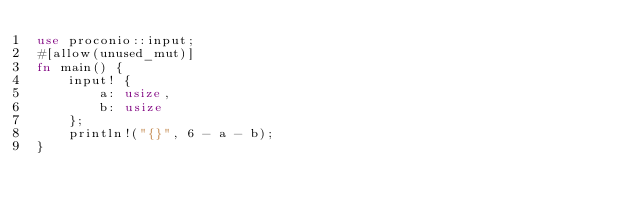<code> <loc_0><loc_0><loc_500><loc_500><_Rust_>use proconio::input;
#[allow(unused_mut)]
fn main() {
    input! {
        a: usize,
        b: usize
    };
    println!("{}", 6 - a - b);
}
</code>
=====
▸ **About this task**:
Transcribe the material exactly, keeping every word and none of the pictures.

▸ **Written solution**:
<code> <loc_0><loc_0><loc_500><loc_500><_Rust_>use proconio::input;
#[allow(unused_mut)]
fn main() {
    input! {
        a: usize,
        b: usize
    };
    println!("{}", 6 - a - b);
}
</code>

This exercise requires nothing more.